Discussion in 'Model S: Driving Dynamics' started by rpavlicek, Sep 5, 2013.

  1. rpavlicek

    rpavlicek ***** Neophyte

    Feb 7, 2013
    Santa Clara, CA
    Does anyone have experience with these tires on the Model S?

    Bridgestone Potenza RE970AS Pole Position

    Overall the reviews indicate the tire is excellent except I found this:

    ...since the model S has negative camber in the rear, this had me worrying.
  2. simplesolar

    simplesolar Member

    Jun 30, 2013
    no tire can be recommended from manufacturer with negative camber aligned cars. They will all wear unevenly due to the setup. What you can do is get non-assmetrical tires so you can swap the directions and balance the wear.
  3. gtimbers

    gtimbers Member

    Jan 9, 2013
    Van Nuys, Ca.
    Your energy usage will go up with the Bridgestone RE970's. Look at the TireRack test data on that tire. It may cost you as much as 5% over the stock Goodyear tires. You now have an option of the Michelin Pilot A/S3. There is a brand new comparison test on Tirerack indicating that this tire is really good also. It is several percent more efficient than the RE970. I have about 1200 miles on a set and they perform incredibly well. I am showing about a 1%- 2% range loss so far, although the weather got hot at about the same time as I got the new tires.
  4. mgemmell

    mgemmell Scottish chap

    Jan 11, 2012
    Madrid, Spain
    Interesting negative camber comments... I put Bridgestones on my Roadster on Monday and had them replaced today with Mitchelins as I was finding the car impossible to control properly. It just wouldn't go in a straight line. It would rock one side and then the other... rocking to the left made it turn to the right and vice-versa.

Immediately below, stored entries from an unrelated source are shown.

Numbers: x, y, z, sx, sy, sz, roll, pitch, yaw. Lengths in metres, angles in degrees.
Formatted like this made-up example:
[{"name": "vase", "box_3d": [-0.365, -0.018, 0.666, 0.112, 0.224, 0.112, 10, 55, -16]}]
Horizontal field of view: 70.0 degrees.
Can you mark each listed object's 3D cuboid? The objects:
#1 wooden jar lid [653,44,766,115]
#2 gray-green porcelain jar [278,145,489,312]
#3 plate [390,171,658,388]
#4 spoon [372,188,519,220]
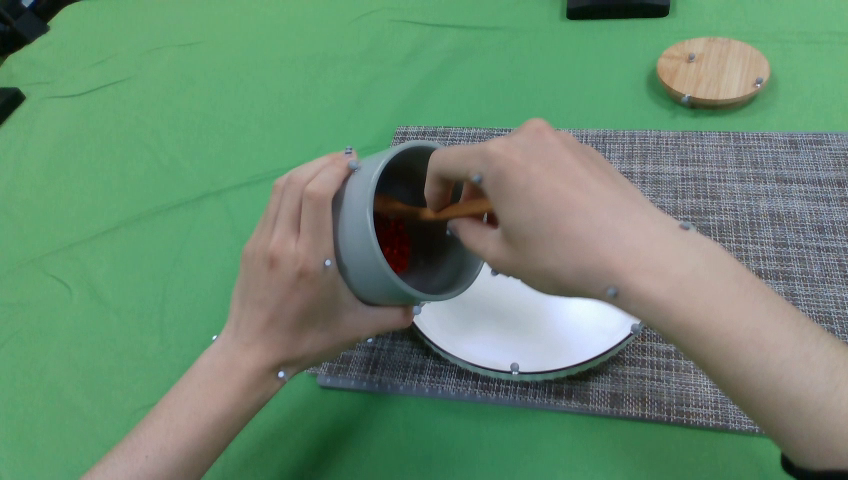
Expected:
[{"name": "wooden jar lid", "box_3d": [0.294, -0.166, 0.630, 0.108, 0.021, 0.107, -5, 51, 7]}, {"name": "gray-green porcelain jar", "box_3d": [-0.035, -0.002, 0.432, 0.126, 0.107, 0.105, -10, 40, 48]}, {"name": "plate", "box_3d": [0.078, 0.029, 0.491, 0.207, 0.039, 0.205, -5, 50, 7]}, {"name": "spoon", "box_3d": [-0.007, -0.022, 0.391, 0.042, 0.022, 0.192, -8, 11, -36]}]

    The sidewall of the Bridgestones is very stiff... may have something to do with it, but either way, I cannot recommend them for the Roadster. The model S has 2k kms on the clock so no new tyres yet :)
  5. jerry33

    jerry33 S85 - VIN:P05130 - 3/2/13

    Mar 8, 2012
    I wonder if the loaded radius is lower on the Bridgestones? Reducing the loaded radius (distance between the center of the hub and the ground) reduces the trailing distance of caster* and can cause that kind of behaviour.

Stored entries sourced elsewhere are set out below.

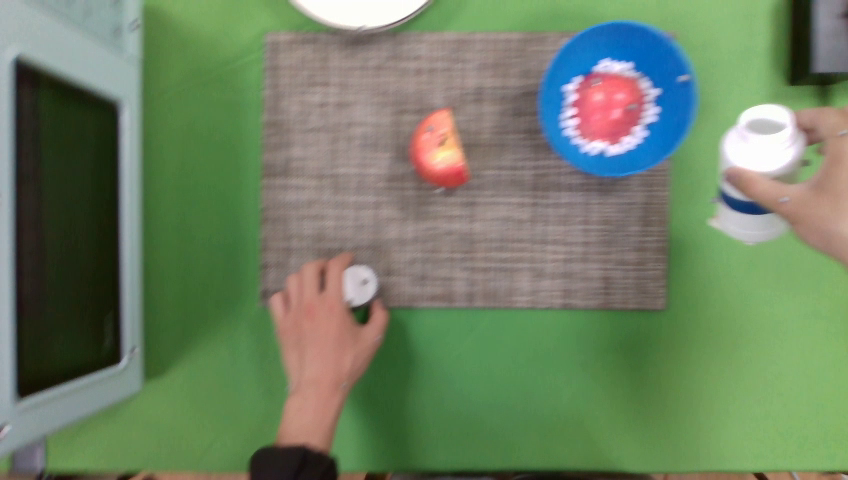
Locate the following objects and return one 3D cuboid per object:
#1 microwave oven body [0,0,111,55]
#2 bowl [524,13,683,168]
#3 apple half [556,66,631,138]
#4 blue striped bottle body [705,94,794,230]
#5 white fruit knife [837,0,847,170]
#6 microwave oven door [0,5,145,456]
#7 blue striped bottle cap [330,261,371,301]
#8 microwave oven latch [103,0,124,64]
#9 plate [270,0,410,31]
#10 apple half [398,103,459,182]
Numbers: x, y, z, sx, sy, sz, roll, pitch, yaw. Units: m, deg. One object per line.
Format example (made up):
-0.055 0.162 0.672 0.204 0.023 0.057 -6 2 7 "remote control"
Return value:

    * Although caster is measured and set as an angle, the angle doesn't really mean a whole lot. What caster really is, is the distance from a vertical line through the center of the hub (at ground level) to the spot where a line drawn through the ball joints intersects with the ground. Because the distance is measured along the ground, loaded radius has a lot to do with caster's trailing distance. Too little caster makes the car unstable, too much causes the wheels to shimmy back and forth (like a bad shopping cart's wheel).